Pour le commerce électronique, Washington veut s'assurer que les échanges via l'Internet resteront exempts de droits de douane et de barrières.

- Droits sociaux
L'UE veut la création d'un forum conjoint entre l'Organisation Internationale du Travail et l'OMC. Il n'est pas question d'imposer des sanctions aux pays en développement ne respectant pas de normes sociales minimales, mais plutôt d'établir un dialogue avec eux sur ce sujet très sensible.
Washington a proposé la création d'un groupe de travail au sein de l'OMC sur les droits du travail et leur prise en compte dans la libéralisation du commerce.
Les pays en développement s'insurgent contre tout lien entre respect de normes sociales (travail des enfants, travail forcé...) et commerce, considérant que les droits des travailleurs sont du ressort de l'OIT.
Ils soupçonnent les pays industrialisés d'avoir des arrière-pensées protectionnistes et de vouloir remettre en cause l'avantage compétitif que représentent les bas salaires.

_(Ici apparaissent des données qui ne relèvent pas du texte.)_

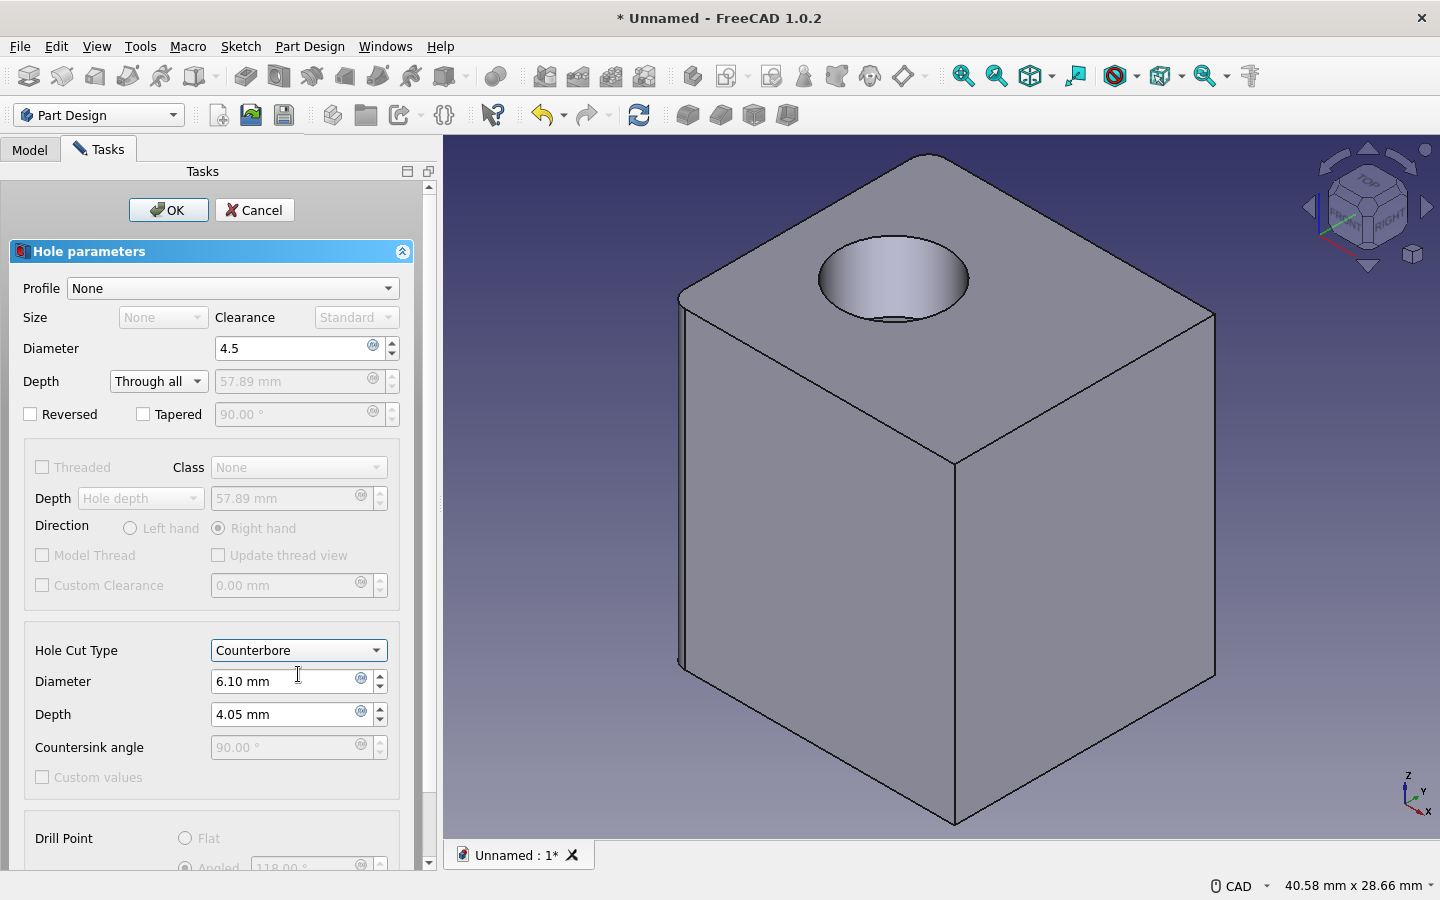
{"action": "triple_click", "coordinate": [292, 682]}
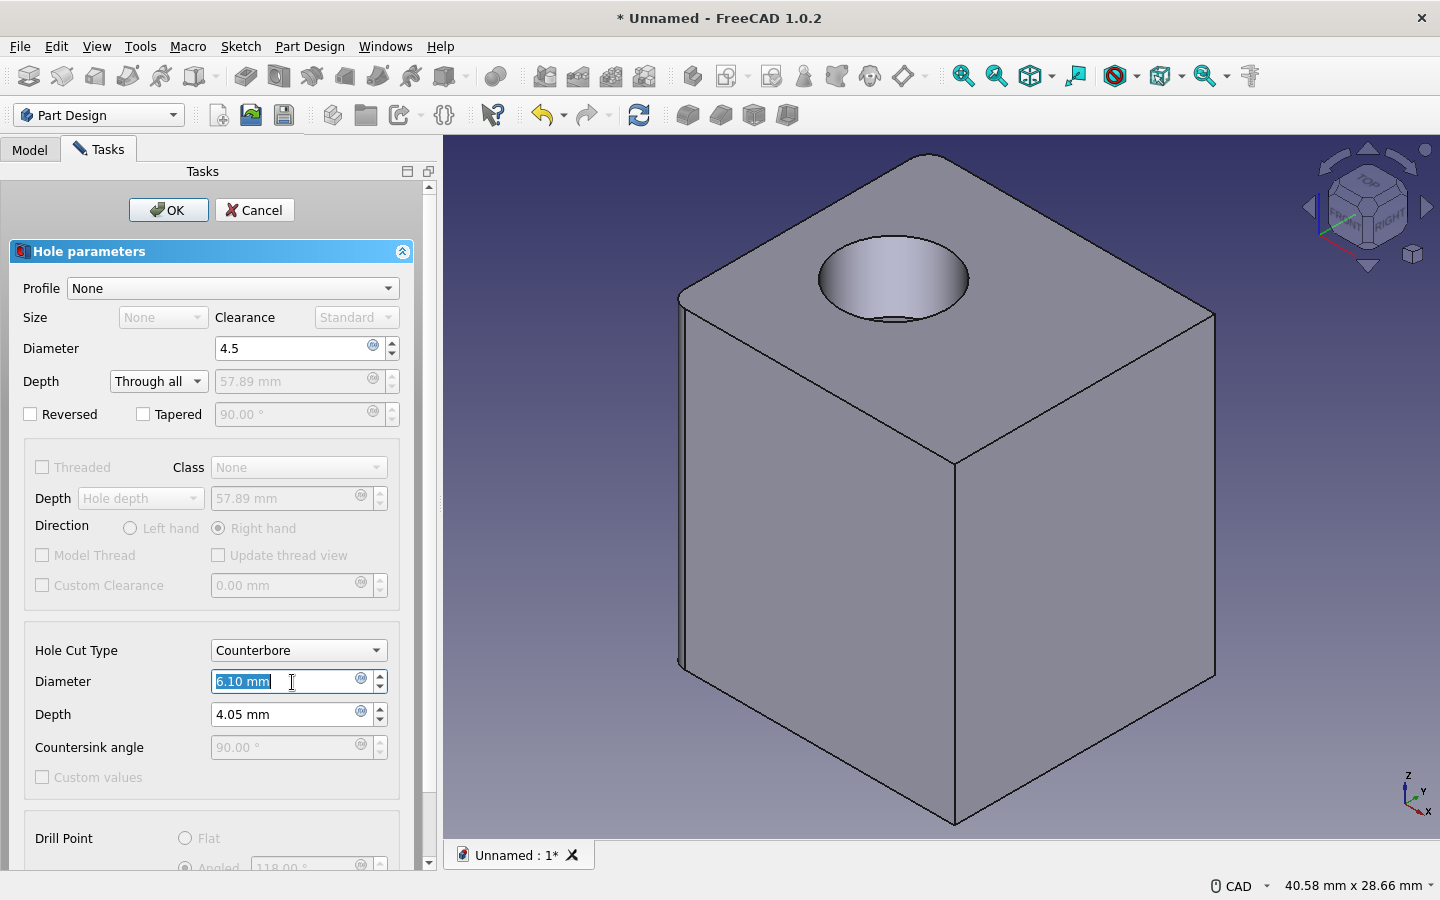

- Evironnement et biotechnologies
L'UE veut passer en revue les rapports entre commerce et changements climatiques, biodiversité, l'éco-étiquettage et sa compatibilité avec les règles de l'OMC.
A la lumière des dossiers du boeuf aux hormones, de la dioxine ou des OGM, l'UE entend faire respecter le principe de précaution qui stipule que, lorsqu'il y a doute, il vaut mieux interdire un produit.
L'Administration américaine va proposer dans le cadre de l'OMC un examen de l'impact sur l'environnement de l'ouverture accrue des échanges commerciaux dans le monde.

- Culture
L'UE continue à maintenir le principe de l'exception culturelle. Les biens et services culturels, dont l'audiovisuel, doivent échapper aux règles du commerce international en raison de leur spécificité. L'UE veut continuer à pouvoir subventionner ses chaînes de télévision nationales et régionales.
Les Etats-Unis n'ont guère réagi, forts d'une position dominante sur le marché mondial du cinéma et de la télévision.

- Pays en voie de développement
L'Inde et le G-15 hésitent à ouvrir un nouveau cycle de négociations tant que les pays développés n'auront pas mis en oeuvre les engagements pris lors de l'Uruguay Round, notamment dans le textile.